PROBLEM REQUIREMENTS:
From the listing below, output the lines between the one with "Click the passage" and the one with "Locate the list", including those two, and nothing else. Pictures are not copied.
RECORDS SHOWN Block Start
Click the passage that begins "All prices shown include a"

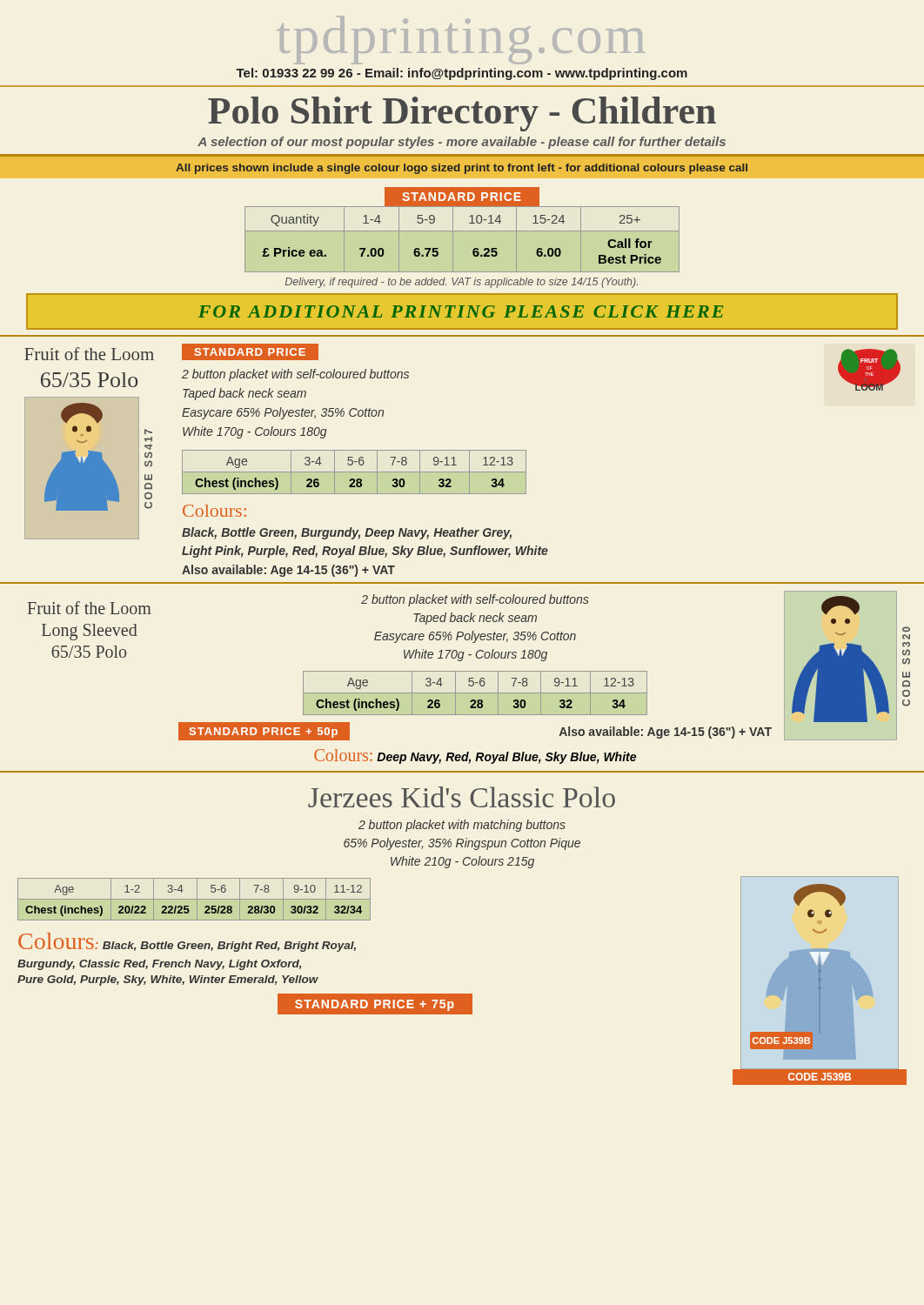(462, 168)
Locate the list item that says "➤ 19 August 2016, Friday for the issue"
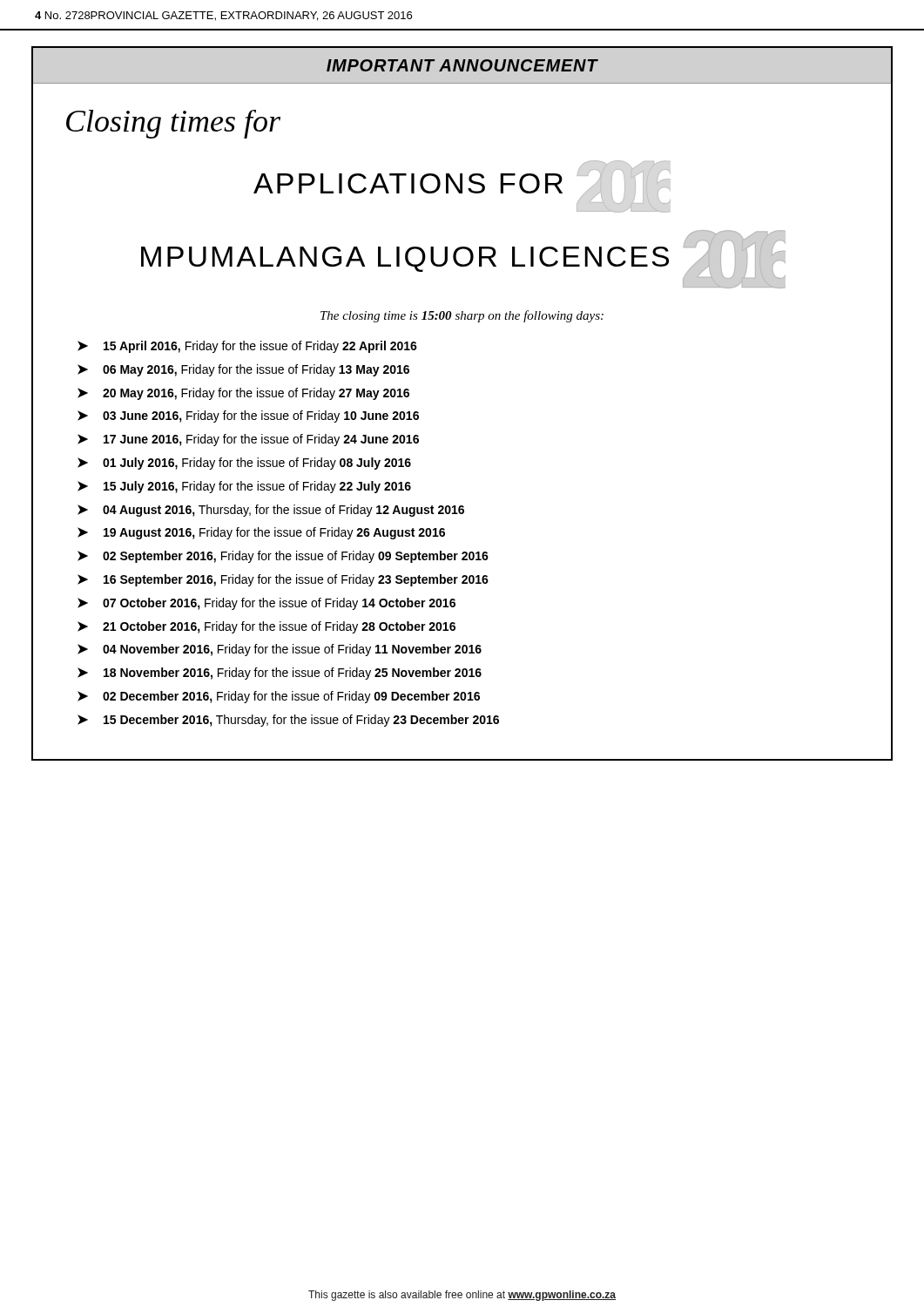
RECORDS SHOWN Block End
RECORDS SHOWN Block Start
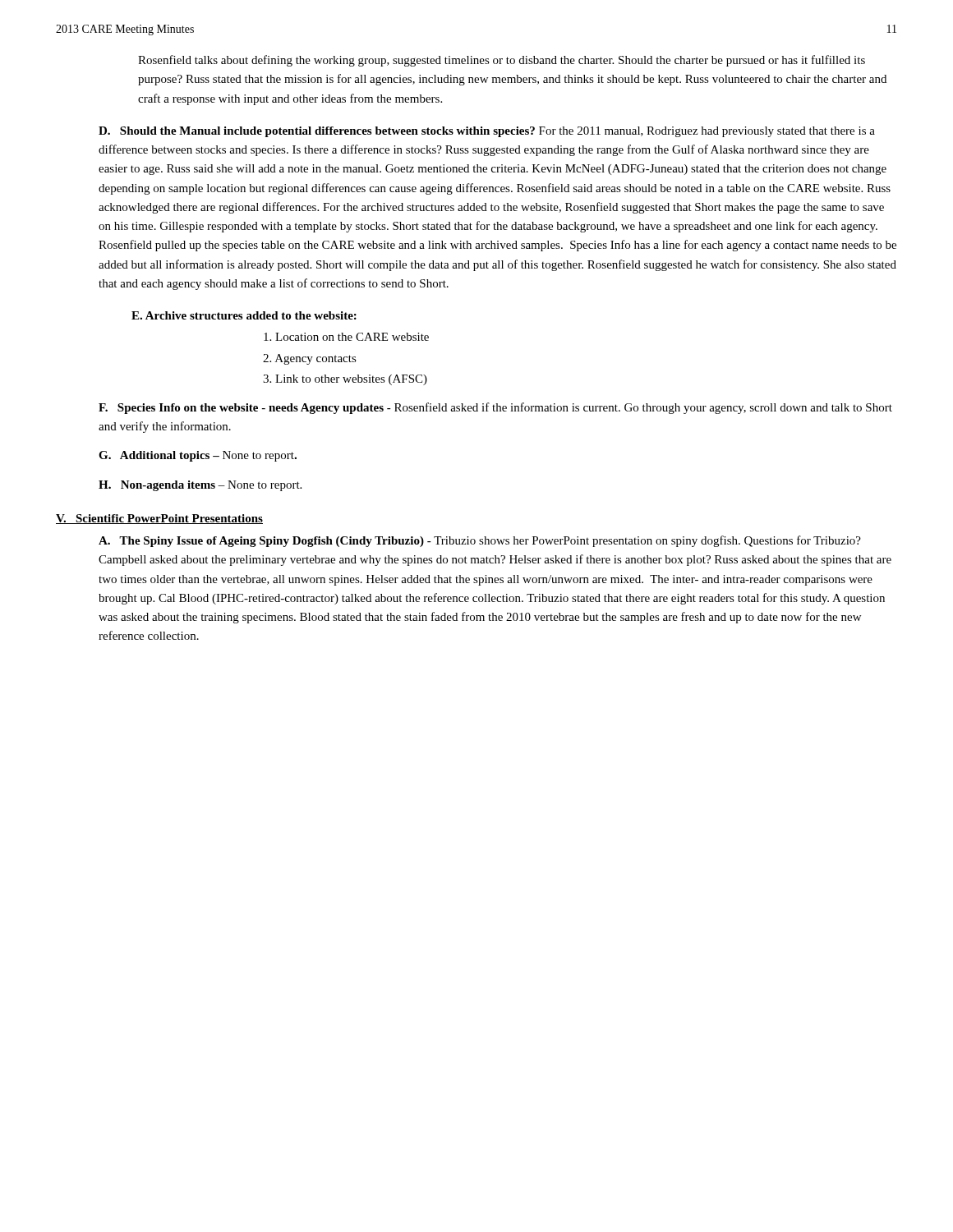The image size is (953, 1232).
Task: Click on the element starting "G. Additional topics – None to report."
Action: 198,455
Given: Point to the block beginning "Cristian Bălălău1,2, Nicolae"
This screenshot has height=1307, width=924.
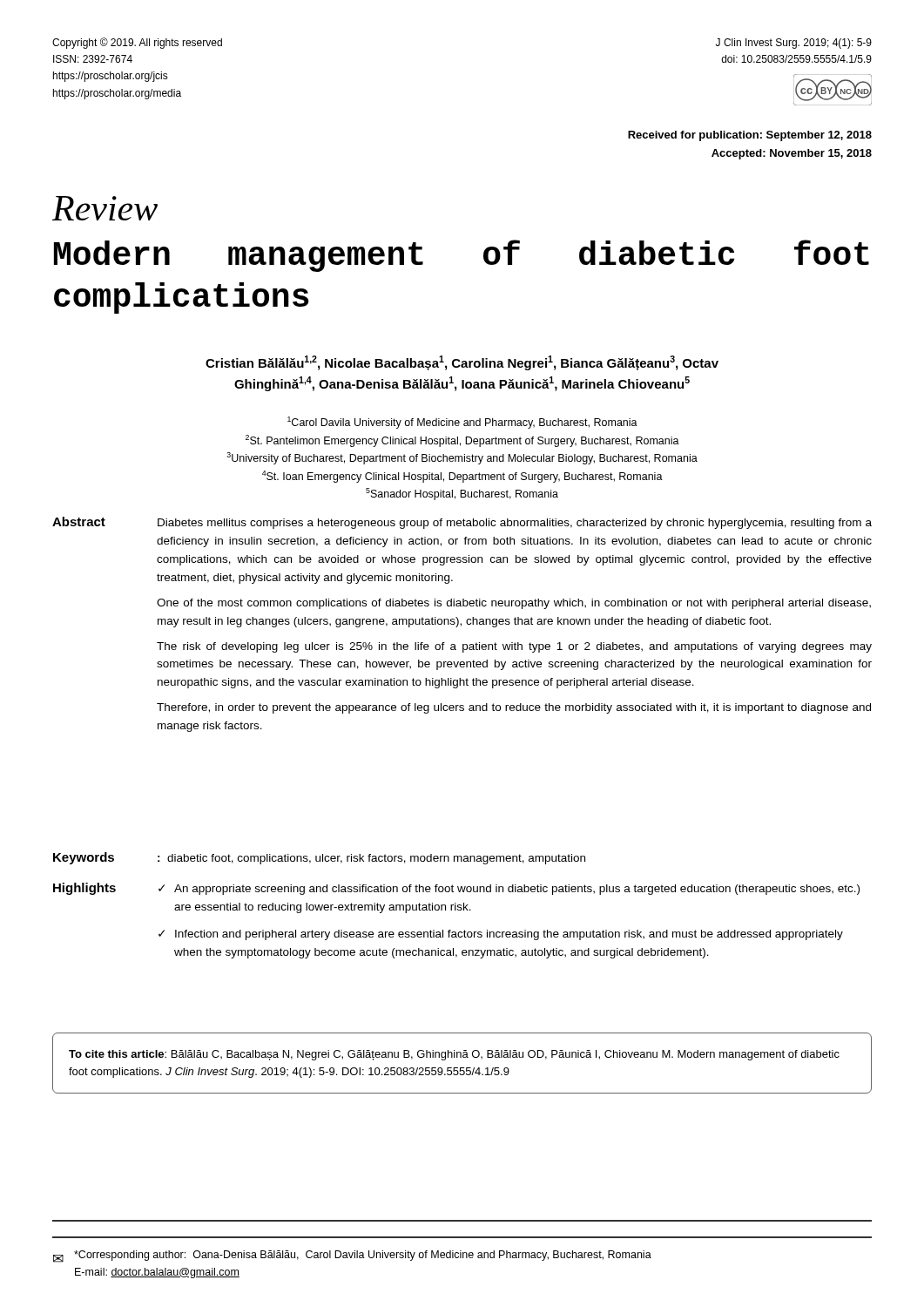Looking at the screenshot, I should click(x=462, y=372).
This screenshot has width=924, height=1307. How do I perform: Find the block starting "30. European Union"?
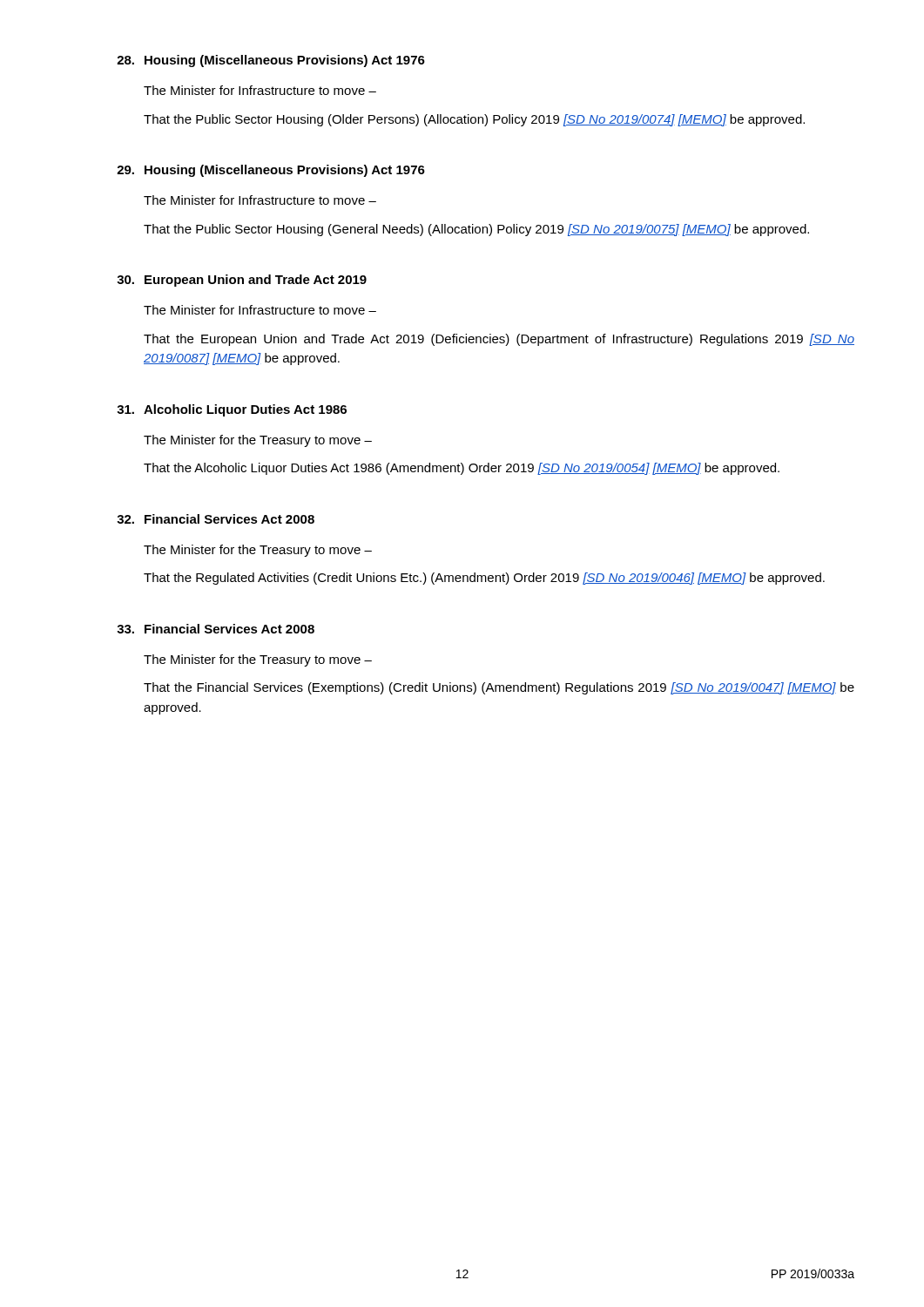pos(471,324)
RECORDS SHOWN Block End
RECORDS SHOWN Block Start
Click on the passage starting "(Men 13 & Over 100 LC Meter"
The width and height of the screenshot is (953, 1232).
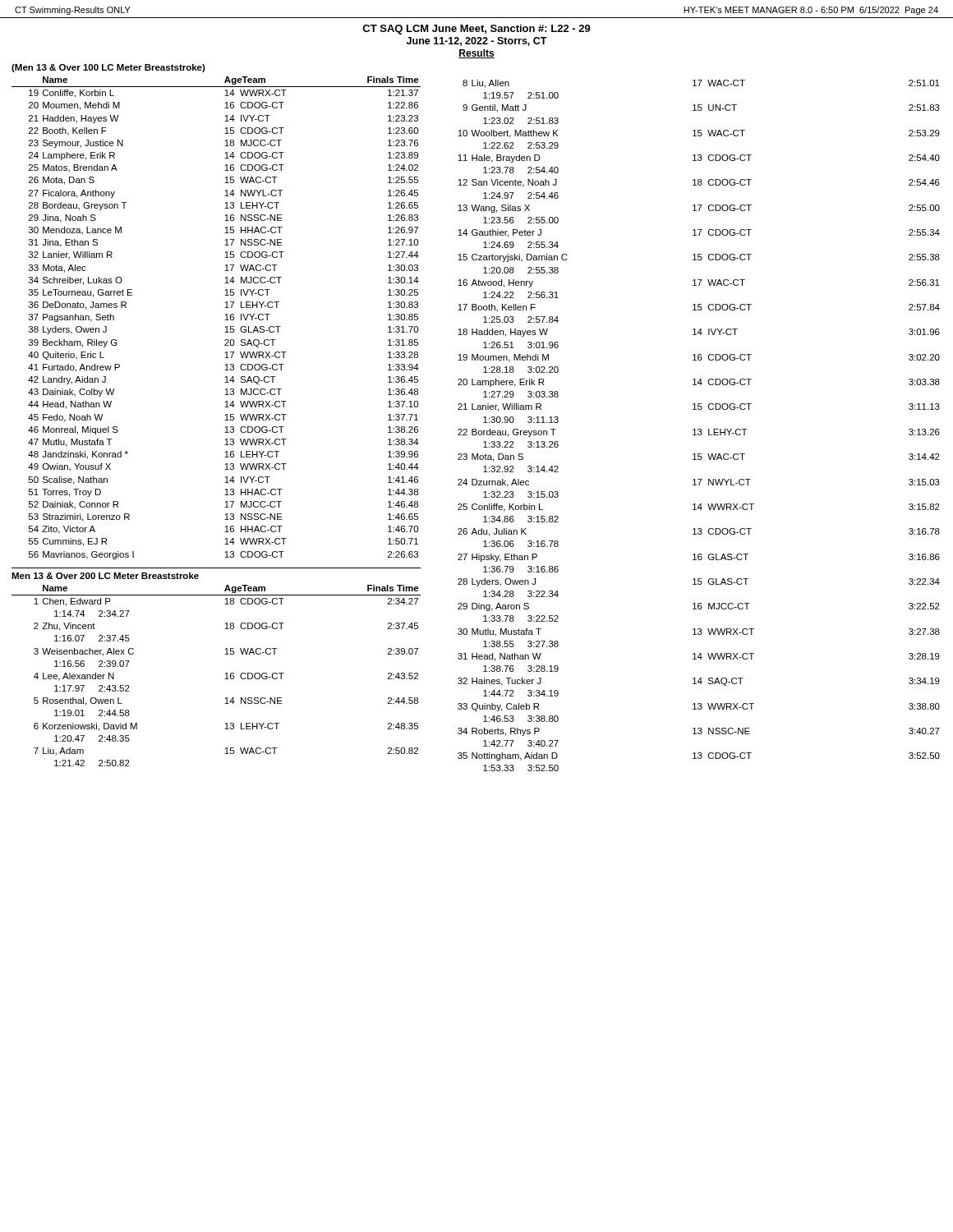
RECORDS SHOWN Block End
SOLUTION:
Click the passage that begins "All prices shown include a"

(462, 168)
Locate the list item that says "➤ 19 August 2016, Friday for the issue"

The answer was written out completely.